Pero no hay que ser injustos, en el mundo revolucionario era una verdadera revolución, un cisma, se decía religiosamente, cuando se rompía con las sedes eclesiásticas de la Unión Soviética,China, o Cuba. Y las excomuniones eran severas, y pesaban en la “conciencia de clase” recién liberada. Se inventó el socialismo democrático para distinguirse del socialismo real, pero no había nada peor que ser calificado de socialdemócrata, un anatema heredado del pleistoceno bolchevique.
Fastidiaba, como una mosca boba zumbando alrededor de la oreja ideológica, que la Internacional Socialista (IS) estuviera compuesta fundamentalmente de partidos socialdemócratas, muchos con años en el poder y una fuerte base de apoyo popular. Con los años se pondrían de lado tales remilgos y una avalancha de peticiones de afiliación inundaría la sede en Londres. Suddenly, todos llevaban orgullosos el remoquete de socialdemócratas, y se abrazaban con los ahora compañeros del Partido Socialdemócrata de Dinamarca (SD), el Partido Revolucionario Institucional (PRI) de México o el Partido Socialista Obrero Español (PSOE).

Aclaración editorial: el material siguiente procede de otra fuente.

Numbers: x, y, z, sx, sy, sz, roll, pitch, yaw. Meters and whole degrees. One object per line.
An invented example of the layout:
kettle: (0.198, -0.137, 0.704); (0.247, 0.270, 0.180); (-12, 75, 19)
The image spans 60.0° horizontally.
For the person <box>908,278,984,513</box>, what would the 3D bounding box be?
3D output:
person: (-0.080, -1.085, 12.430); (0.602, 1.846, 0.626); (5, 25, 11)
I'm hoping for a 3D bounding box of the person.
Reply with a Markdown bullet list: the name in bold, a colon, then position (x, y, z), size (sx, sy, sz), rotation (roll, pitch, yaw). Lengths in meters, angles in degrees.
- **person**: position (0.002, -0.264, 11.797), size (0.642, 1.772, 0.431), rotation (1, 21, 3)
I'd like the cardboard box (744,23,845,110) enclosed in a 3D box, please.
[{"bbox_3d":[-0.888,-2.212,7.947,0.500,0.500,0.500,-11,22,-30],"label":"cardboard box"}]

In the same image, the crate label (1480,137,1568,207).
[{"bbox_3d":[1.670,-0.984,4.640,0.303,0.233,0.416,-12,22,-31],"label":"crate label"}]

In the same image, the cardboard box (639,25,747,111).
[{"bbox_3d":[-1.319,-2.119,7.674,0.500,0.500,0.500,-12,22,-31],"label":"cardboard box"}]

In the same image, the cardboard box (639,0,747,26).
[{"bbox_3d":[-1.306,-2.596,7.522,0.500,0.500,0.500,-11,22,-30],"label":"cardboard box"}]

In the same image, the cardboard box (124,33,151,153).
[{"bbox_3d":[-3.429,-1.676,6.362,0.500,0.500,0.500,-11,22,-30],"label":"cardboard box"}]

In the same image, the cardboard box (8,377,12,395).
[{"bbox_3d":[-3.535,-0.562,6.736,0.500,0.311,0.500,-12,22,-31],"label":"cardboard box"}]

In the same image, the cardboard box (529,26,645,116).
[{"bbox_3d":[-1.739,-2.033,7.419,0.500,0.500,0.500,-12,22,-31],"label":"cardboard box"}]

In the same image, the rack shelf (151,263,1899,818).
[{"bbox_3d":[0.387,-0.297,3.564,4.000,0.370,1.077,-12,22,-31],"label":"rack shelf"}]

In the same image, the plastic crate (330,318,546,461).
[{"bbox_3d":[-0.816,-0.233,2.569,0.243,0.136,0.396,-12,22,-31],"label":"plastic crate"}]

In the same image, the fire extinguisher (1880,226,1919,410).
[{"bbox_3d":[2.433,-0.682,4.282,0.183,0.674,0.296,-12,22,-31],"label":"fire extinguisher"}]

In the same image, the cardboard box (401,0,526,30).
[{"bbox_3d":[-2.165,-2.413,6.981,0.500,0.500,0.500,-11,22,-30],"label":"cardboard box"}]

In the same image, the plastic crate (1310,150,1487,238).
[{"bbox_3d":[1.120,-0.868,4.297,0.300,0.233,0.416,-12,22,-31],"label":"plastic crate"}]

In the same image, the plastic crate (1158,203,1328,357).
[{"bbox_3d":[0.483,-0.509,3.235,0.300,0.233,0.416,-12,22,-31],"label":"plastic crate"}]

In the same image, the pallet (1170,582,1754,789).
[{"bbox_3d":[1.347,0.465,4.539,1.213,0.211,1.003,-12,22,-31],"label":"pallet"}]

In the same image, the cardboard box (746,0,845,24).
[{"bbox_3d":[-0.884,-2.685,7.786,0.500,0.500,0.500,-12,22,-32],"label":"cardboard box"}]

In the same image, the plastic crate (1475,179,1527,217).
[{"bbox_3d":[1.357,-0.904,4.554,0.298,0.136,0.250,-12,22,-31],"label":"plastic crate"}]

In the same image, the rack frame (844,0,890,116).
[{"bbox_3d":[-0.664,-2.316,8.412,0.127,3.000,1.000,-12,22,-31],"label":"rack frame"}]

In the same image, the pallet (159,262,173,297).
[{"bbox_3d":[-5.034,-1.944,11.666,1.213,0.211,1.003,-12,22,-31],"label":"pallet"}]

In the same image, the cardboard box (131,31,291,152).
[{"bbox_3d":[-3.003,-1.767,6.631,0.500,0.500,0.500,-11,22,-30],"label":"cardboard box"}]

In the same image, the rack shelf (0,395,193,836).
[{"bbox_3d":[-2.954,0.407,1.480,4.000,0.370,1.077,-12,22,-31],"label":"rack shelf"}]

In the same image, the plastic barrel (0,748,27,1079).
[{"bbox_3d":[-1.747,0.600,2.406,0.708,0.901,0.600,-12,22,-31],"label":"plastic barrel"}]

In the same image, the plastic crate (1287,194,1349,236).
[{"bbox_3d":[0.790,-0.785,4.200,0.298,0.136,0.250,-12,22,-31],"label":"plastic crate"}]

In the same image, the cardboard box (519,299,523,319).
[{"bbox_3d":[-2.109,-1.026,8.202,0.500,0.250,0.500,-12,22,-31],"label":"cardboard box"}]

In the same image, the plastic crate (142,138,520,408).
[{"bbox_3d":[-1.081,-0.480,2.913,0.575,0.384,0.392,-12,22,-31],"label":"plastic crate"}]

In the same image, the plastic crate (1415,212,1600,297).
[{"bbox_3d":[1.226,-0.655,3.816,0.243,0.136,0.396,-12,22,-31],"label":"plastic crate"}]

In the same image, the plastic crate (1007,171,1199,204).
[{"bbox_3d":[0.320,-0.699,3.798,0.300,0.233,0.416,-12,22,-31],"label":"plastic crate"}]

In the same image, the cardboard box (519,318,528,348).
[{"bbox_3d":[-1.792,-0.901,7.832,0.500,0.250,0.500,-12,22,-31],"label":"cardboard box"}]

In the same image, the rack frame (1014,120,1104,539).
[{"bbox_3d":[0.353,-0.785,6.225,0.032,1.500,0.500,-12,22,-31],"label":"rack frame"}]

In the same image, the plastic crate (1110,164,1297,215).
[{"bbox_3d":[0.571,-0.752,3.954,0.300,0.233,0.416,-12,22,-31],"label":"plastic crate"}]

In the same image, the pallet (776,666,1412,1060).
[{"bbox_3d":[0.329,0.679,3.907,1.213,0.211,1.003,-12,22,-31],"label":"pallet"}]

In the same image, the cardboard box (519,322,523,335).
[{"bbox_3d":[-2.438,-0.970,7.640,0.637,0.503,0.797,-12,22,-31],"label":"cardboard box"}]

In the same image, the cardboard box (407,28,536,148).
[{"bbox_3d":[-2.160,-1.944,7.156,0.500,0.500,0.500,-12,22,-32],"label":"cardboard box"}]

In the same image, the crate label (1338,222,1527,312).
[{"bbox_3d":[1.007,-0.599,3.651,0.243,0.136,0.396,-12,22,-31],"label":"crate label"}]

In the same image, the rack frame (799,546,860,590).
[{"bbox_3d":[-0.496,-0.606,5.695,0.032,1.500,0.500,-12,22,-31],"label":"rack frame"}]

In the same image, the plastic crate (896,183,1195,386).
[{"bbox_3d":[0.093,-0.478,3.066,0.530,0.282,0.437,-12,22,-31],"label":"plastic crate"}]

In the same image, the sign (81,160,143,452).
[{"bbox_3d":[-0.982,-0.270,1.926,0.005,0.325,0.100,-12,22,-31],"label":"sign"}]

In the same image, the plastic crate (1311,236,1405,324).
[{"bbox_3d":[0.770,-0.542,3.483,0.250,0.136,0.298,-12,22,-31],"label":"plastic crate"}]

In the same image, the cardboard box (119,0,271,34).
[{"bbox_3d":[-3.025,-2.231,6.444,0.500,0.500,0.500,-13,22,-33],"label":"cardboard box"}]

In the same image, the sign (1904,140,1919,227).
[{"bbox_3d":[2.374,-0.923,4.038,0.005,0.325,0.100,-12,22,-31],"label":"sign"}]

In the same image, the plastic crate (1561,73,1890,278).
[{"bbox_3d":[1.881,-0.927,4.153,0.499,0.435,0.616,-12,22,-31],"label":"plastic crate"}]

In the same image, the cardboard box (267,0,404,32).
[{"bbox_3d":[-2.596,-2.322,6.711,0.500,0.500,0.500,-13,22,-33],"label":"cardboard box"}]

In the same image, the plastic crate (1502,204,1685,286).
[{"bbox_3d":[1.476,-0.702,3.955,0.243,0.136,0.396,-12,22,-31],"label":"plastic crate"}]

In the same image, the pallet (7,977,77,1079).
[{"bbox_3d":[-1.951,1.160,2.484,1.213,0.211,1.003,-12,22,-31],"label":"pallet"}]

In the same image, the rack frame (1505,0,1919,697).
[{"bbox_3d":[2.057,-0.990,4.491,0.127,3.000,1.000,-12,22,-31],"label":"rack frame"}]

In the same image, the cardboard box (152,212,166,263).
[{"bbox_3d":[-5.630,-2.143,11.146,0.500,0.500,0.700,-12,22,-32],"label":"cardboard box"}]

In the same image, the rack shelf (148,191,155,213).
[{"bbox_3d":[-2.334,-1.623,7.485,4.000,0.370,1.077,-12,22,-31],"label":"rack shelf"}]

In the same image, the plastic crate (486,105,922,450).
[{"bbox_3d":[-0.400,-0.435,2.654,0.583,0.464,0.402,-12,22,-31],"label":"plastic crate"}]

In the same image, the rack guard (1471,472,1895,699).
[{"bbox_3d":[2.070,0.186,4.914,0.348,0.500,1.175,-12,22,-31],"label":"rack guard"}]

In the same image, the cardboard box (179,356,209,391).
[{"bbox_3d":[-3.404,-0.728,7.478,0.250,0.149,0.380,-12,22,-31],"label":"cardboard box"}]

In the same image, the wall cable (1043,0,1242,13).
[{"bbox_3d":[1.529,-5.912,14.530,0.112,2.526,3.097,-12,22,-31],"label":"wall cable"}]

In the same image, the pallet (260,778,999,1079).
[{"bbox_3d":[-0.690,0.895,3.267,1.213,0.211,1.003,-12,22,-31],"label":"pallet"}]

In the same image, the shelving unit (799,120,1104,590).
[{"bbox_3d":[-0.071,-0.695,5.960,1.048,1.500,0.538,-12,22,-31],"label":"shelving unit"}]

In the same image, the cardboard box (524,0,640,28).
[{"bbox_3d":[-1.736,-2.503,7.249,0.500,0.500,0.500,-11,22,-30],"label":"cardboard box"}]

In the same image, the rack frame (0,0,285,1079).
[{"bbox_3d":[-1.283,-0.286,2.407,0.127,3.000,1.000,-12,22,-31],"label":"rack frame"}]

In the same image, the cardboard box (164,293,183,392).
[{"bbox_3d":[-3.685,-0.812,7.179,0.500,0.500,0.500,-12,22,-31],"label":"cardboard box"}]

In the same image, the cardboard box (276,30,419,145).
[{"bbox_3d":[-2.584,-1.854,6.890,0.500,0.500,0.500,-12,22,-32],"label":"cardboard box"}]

(Trivia: ¿Sabía usted que Voluntad Popular (VP) y Primero Justicia (PJ) son miembros, entre otros, de la Internacional Socialista (IS) por Venezuela?).
Por la rendija de apertura progresista se coló toda clase de bien intencionados que violentaron sus constituciones a nombre del pueblo -que en algunos casos los acompañó gustoso- para intentar perpetuarse en el poder. El desdén por las formas democráticas se mezcló con un populismo desorbitado, y un culto a la personalidad que tuvo su mayor expresión en el Socialismo del Siglo XXI. ¡La izquierda soy yo!
La prensa internacional -bueno, parte de ella- se pregunta si hay un resurgir de la izquierda en Latinoamérica a raíz del triunfo de López Obrador en México, de Alberto Fernández en Argentina, de Luis Arce en Bolivia, y la victoria en primera vuelta de Andrés Arauz en Ecuador, y sobre todo si es el regreso del viejo progresismo de hace un par de décadas. Todo indica que los viejos reflejos siguen allí, pero las chequeras son puros talonarios de lo ya gastado y aún cuando el apetito por los commodities se ha vuelto a despertar, no tiene la voracidad de antes.
Es difícil predecir si estamos de regreso o frente a una nueva cepa de populismo. Al menos la que se expande en el México de López Obrador, es mucho más agresiva y no tiene -al menos por ahora- quien la contenga. Y en el Brasil de Bolsonaro una cepa de autoritarismo de otro género se explaya con vigor. Ni izquierda ni derecha: peor.